Cut the chicken wings apart at the joint. Cut off  wing tips and discard. You should have 20 wing drumettes. Place them in a  single layer, skin side up, on a greased baking sheet. Bake in a  425-degree oven for 15 minutes.

Meanwhile, combine the marmalade, soy sauce and  garlic in a large bowl. When the wings have cooked for 15 minutes, place  them in the bowl and toss to cover with marmalade mixture. Using tongs,  return them to the baking sheet.

Bake for another 20 minutes or until they turn golden  brown, frequently basting with the marmalade mixture. When wings are  browned, sprinkle them with coconut and scallions.

To toast coconut: Place coconut in a single layer on a baking sheet and bake at 350 degrees until golden, about 15 minutes.

This is an appetizer, but a salad and confetti rice would make a pretty good meal. Make sure you use jasmine rice!


----------



## medtran49 (Jul 30, 2016)

These are really good too.  Pizza place excels at wings - tribunedigital-sunsentinel

Rosemary, garlic, lemon juice, olive oil, S and P marinade, grilled and served with caramelized onions and focaccia.


----------



## roadfix (Jul 30, 2016)

And also, with the wing prices so high I only do them (actually buy them and freeze them) when my local supermarket puts them (Foster Farms) on sale at 50% off like every other month on average.   The sale price brings them below Costco's wing price, for instance.


----------



## Kayelle (Jul 30, 2016)

roadfix said:


> And also, with the wing prices so high I only do them (actually buy them and freeze them) when my local supermarket puts them (Foster Farms) on sale at 50% off like every other month on average.   The sale price brings them below Costco's wing price, for instance.
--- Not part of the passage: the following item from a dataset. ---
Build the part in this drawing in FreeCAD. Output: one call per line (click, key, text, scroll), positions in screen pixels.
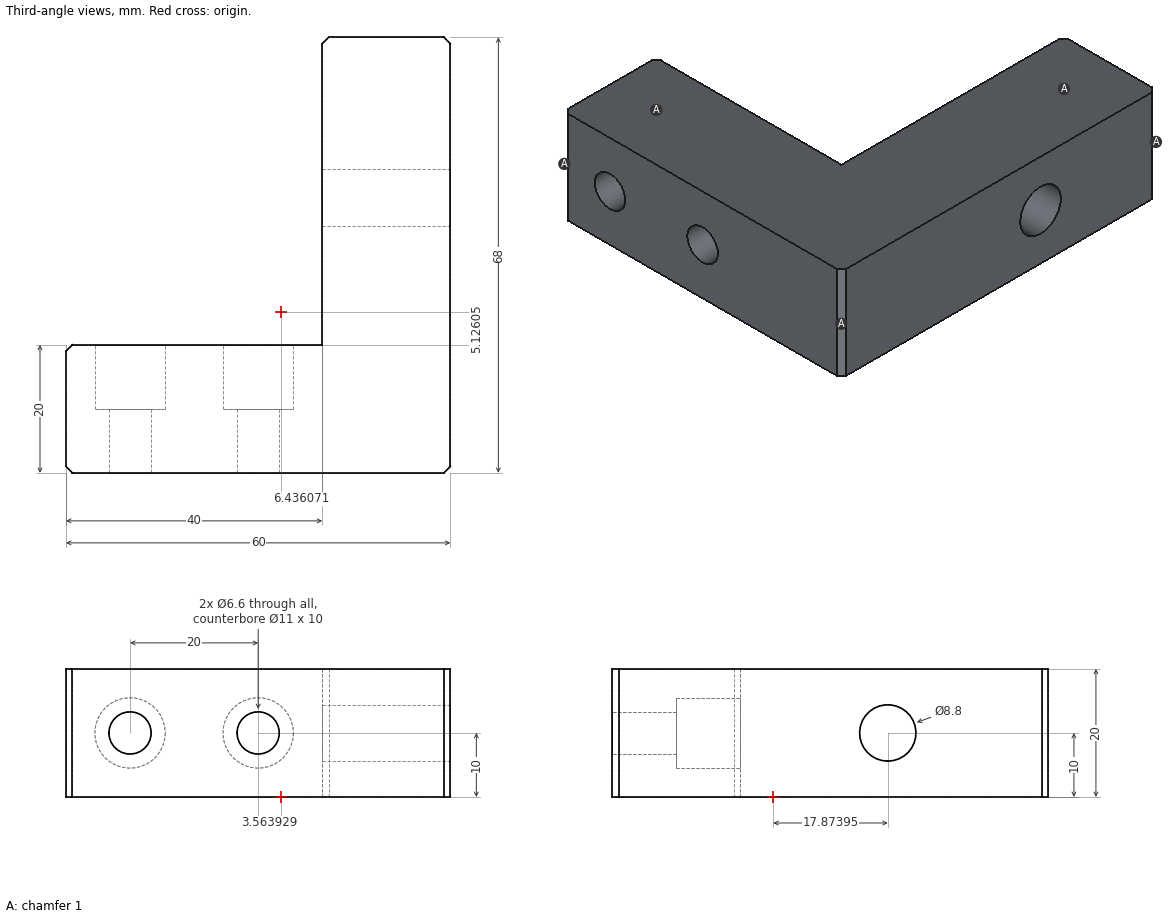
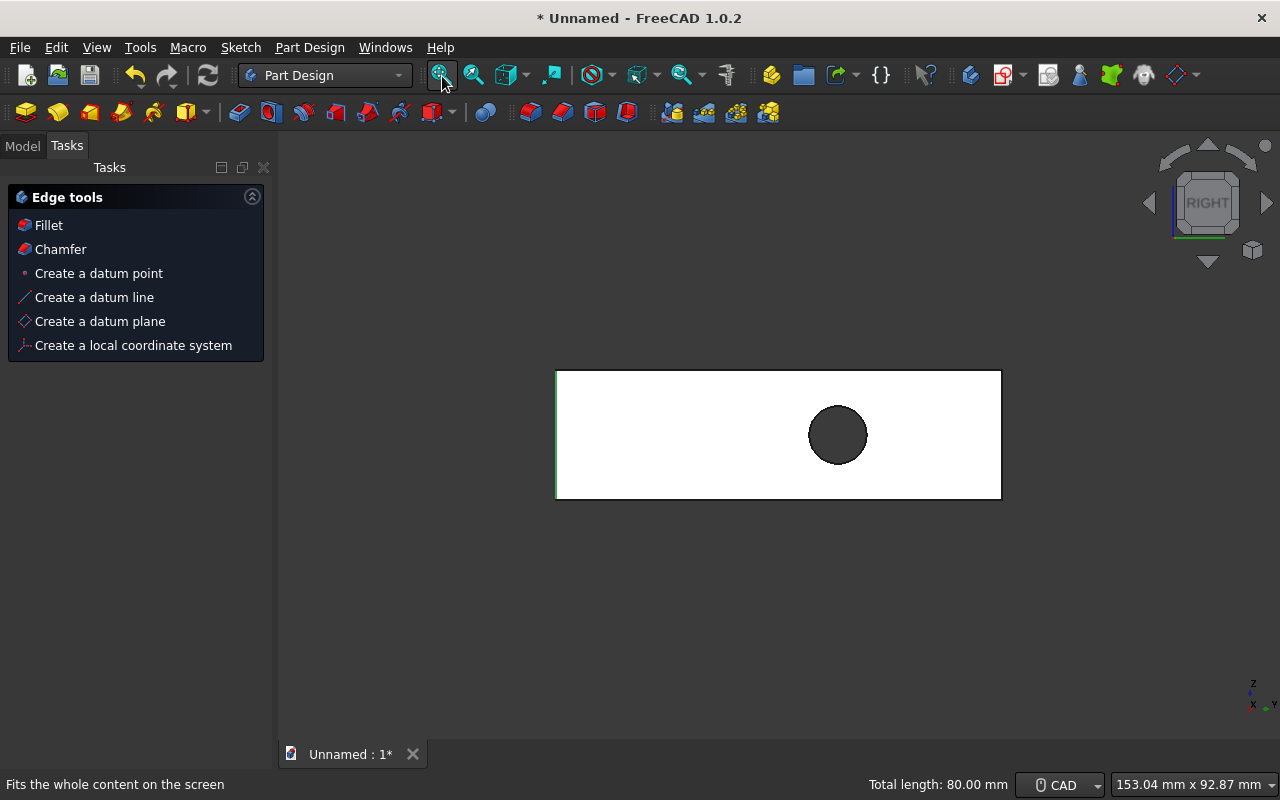
click(1002, 434, ctrl)

We do the same *RF*. I guess the folks in this community don't use a lot of wings and the SC shows up at Von's on the "sell by" date to get the Foster Farms wings for 50% off. It pays to wait.  
I can no longer get whole wings at Costco, and I won't buy them cut up at any price.


----------



## Kaneohegirlinaz (Jul 30, 2016)

*Idea for Non-Buffalo Wing Recipe*



Andy M. said:


> ... snipped ...
> Please share your favorite non-buffalo wing recipes.  I usually grill the wings.




Howzabout Guava Chicken Wings ? 
http://www.discusscooking.com/forums/f21/hawaiian-guava-chicken-90660.html

Quote: Kayelle
"I found frozen concentrated POG (passion fruit, orange, guava) so I used that instead of the guava juice. In addition to your recipe I also added a big tablespoon of Sambal Oelk (ground fresh chili paste), and a few shakes of fish sauce. "


[photo courtesy of Kayelle]


----------



## Andy M. (Jul 30, 2016)

Thank you all for the great ideas and links.


----------



## jennyema (Jul 31, 2016)

Ssamjang!  Korean Bbq sauce

Marinate the wings in it or brine them in a soy sauce-heavy brine and then apply the ssamjang at the end.

It's very addictive

Spicy-Sweet Korean Barbecue Sauce (Ssamjang) Recipe - NYT Cooking


----------



## jennyema (Jul 31, 2016)

Also Walkerswood Jerk Paste rocks


----------



## Andy M. (Jul 31, 2016)

Thanks for the tips, Jen.


----------